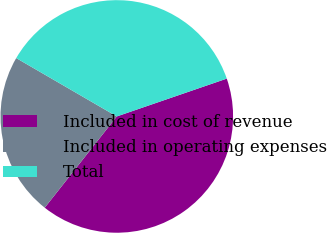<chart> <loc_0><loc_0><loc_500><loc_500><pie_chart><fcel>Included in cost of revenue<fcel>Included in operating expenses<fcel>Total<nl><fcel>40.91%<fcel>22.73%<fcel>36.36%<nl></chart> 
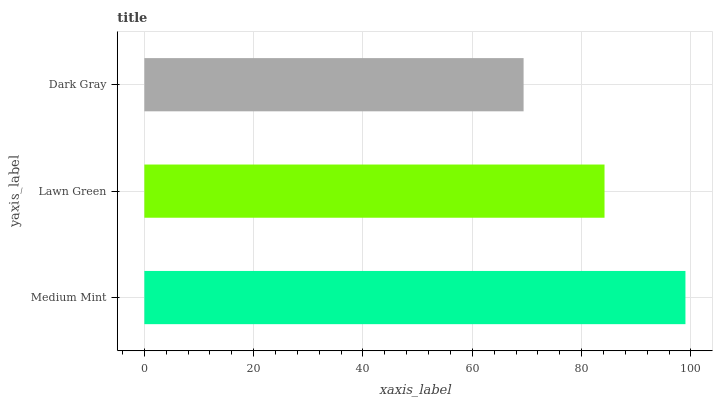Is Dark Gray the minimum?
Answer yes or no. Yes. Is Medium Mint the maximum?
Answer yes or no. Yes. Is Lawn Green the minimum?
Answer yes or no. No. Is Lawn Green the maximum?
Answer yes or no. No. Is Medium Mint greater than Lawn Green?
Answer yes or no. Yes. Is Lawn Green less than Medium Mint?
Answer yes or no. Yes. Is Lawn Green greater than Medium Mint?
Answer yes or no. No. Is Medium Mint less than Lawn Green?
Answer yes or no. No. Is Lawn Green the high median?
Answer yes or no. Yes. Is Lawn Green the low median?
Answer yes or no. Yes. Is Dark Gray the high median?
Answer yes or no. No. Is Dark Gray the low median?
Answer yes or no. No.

* * *

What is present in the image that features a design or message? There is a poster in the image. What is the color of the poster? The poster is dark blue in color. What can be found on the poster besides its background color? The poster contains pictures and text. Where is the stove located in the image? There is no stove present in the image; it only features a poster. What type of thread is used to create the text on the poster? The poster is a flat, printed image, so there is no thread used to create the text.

• [DESCRIPTION OF THE TASK] Every line of the listing that holds the string "than" counts once. Give the total alone.

• [EXERCISE RESPONSE] 4